The amplification term in LASER is a misnomer for most lasers we know of today. I don’t know that initial models of the laser system were actually provided with input light, but the idea was that you put a constant light beam in, and then you get pulsed light out which is higher intensity in each pulse than the input beam was.


#17

I usually refer to the heat of a 40w light bulb, which is in fact 40w of heat. You’re right that only about 4w comes out as visible light (which gets absorbed and produces heat) and 36w comes out as “heat” directly… mostly via IR, like a laser. So I think it’s a pretty good analogy.

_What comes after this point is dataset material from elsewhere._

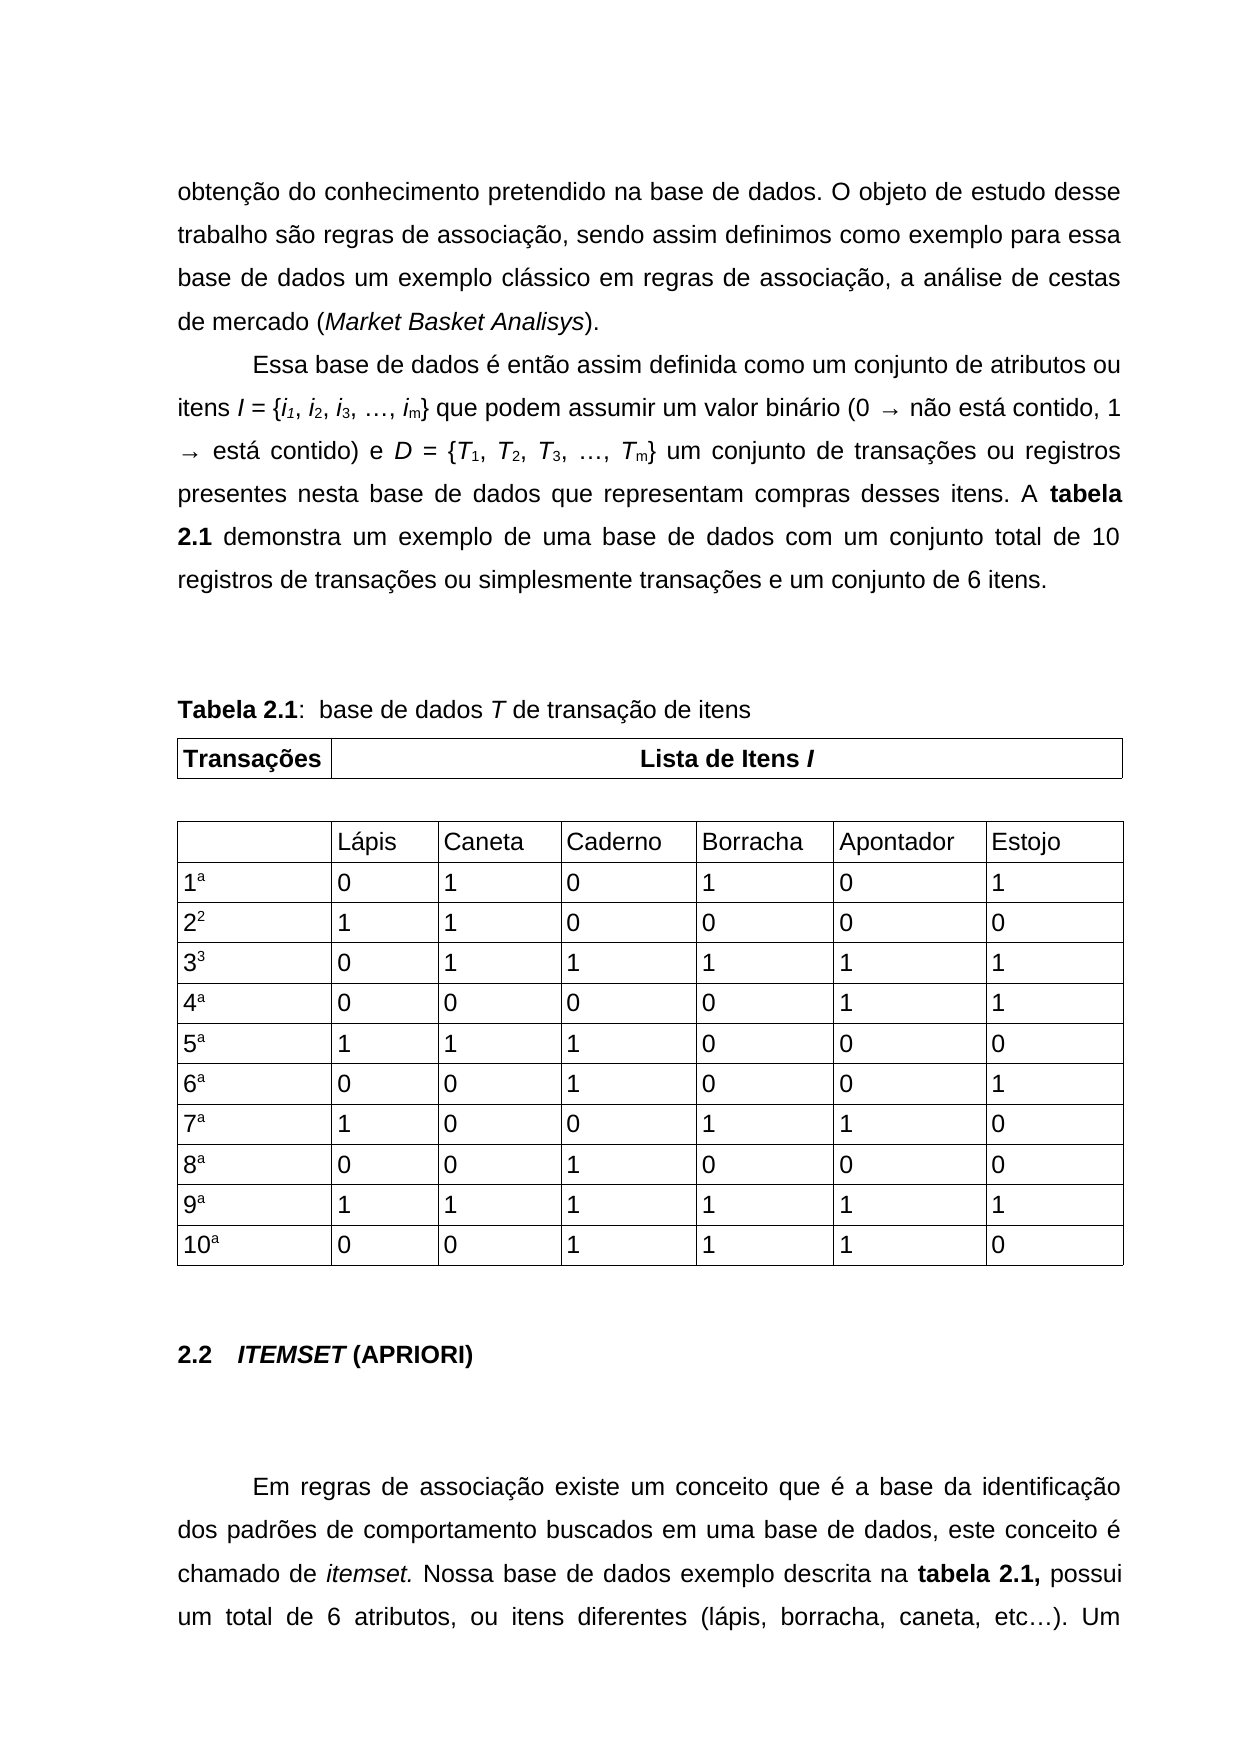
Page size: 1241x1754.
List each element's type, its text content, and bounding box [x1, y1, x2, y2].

As far as the acronym, if memory serves:

  • Every laser is energized by something. Some lasers are pumped via light sources, for example early ruby lasers or some modern fiber lasers. The goal is that the lasing medium (in our case a gas mix containing CO2) gets excited, and has lots of high energy electrons.
  • The amplification bit is that the lasing medium is put in an unstable state where the electrons are high-energy and want to drop down a level, releasing a photon. When an inbound photon hits it, the 2 photons coming out are more likely to be the same phase and direction as the inbound photon. So one input photon stimulates two outbound photos, effectively amplifying it. This is fundamental to lasing, and happens even in CO2 lasers that are energized with electricity instead of pumped with light.

Someone correct me if I’m wrong here.


#18

That is the way I understand it. As usual, Wikipedia had a pretty good primer.


#19

I’ll be looking to defocus so I can cut closed-cell foam (assuming material doesn’t make chlorine gas, which I don’t think it does) without the kerf issues or resealing.


#20

One of the things I am looking at making with my Glowforge when I get it is a Fresnel lens. The first step would be to take acrylic and engrave it with a raster image to get the curves. Next would be to have an defocused pass to smooth everything out. So I am very much interested in this topic.


How precise is the Glowforge?
#21

Whoa, that’s a really cool idea! Making totally custom fresnel lenses would be absolutely amazing.